What is required: Reproduce word for word, from the entries below, the line with "The lines that", the line with "This picture is", and every line between them, and nothing more.

Saved data entries
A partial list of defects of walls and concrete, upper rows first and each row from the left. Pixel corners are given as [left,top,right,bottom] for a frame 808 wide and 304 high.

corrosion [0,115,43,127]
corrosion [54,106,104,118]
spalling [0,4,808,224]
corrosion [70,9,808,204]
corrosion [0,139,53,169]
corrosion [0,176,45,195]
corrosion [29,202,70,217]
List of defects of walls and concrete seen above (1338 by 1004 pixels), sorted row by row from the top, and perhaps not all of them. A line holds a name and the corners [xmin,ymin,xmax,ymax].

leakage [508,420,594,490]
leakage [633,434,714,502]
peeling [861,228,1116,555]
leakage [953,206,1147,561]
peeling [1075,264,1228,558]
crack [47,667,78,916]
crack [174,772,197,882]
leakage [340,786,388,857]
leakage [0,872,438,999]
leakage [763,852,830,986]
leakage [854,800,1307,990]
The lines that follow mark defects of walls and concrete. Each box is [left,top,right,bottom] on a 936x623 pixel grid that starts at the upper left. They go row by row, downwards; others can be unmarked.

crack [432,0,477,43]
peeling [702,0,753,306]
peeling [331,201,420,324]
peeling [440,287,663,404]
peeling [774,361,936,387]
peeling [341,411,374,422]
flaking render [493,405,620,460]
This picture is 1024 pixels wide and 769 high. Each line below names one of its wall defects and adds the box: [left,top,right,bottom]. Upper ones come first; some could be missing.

...

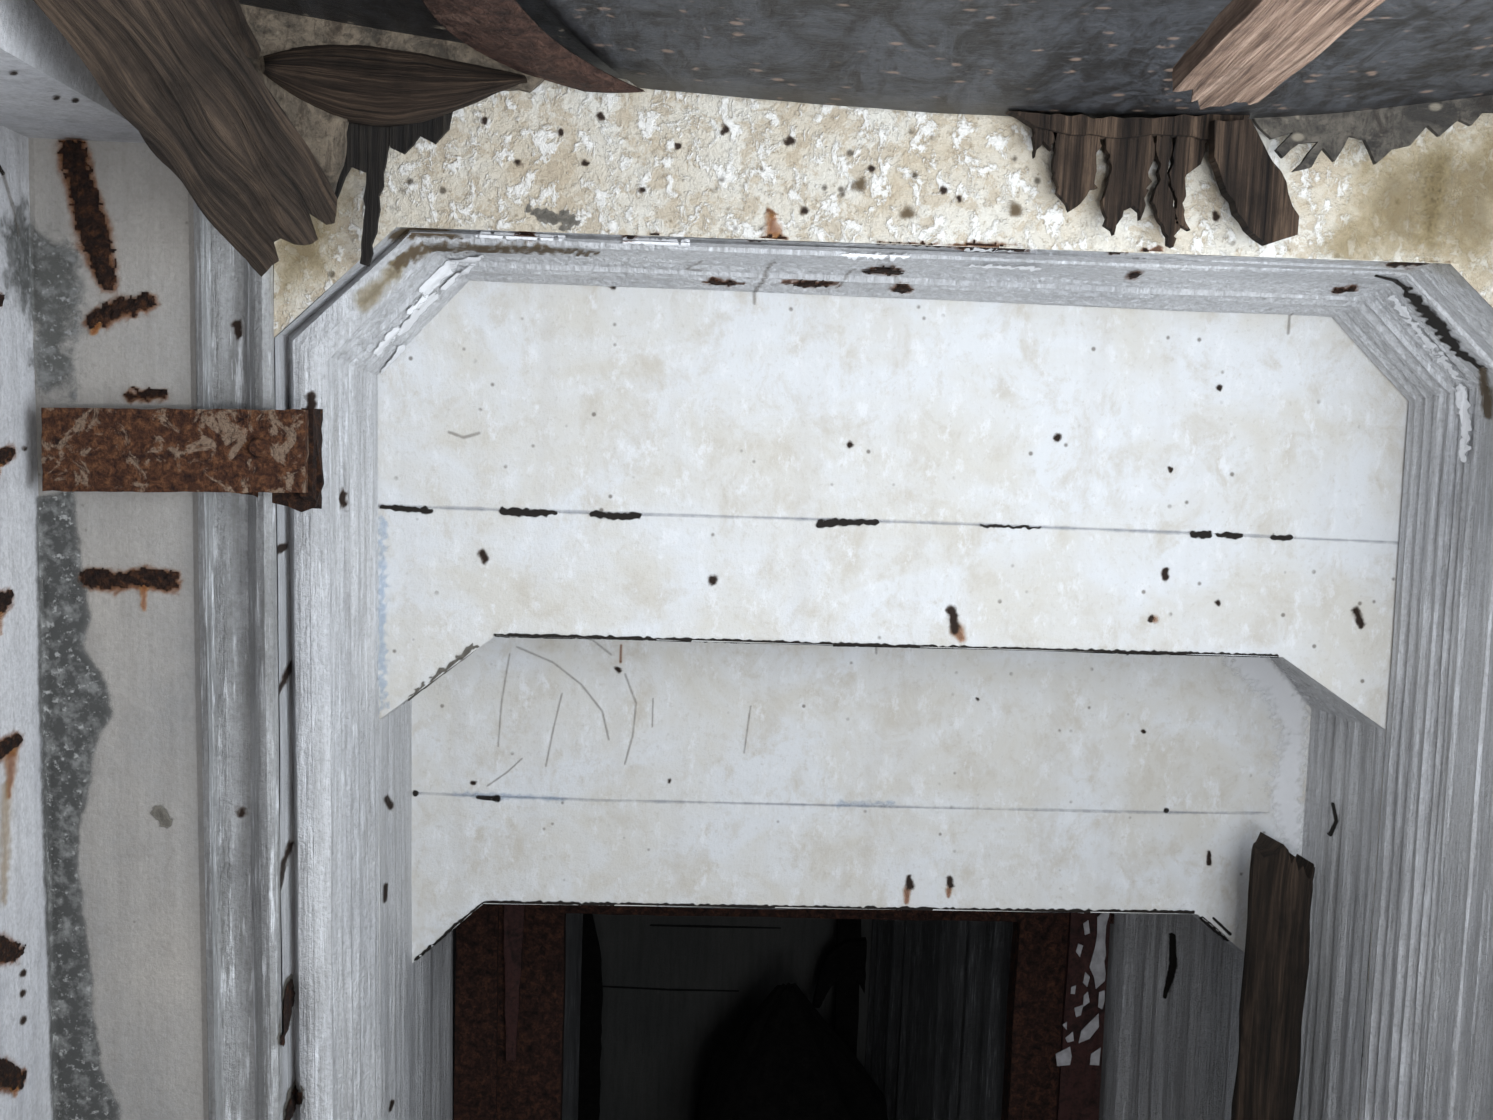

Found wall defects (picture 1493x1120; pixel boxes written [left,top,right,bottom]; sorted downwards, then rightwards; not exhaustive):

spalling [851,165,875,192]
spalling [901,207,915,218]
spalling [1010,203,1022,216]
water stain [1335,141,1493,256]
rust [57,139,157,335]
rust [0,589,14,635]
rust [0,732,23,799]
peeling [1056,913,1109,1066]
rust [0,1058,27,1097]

Reply to the exercise:
The lines that follow mark defects of walls and concrete. Each box is [left,top,right,bottom] on a 936x623 pixel grid that starts at the upper left. They go row by row, downwards; others can be unmarked.

crack [432,0,477,43]
peeling [702,0,753,306]
peeling [331,201,420,324]
peeling [440,287,663,404]
peeling [774,361,936,387]
peeling [341,411,374,422]
flaking render [493,405,620,460]
This picture is 1024 pixels wide and 769 high. Each line below names one of its wall defects and adds the box: [left,top,right,bottom]. Upper ones come first; some could be missing.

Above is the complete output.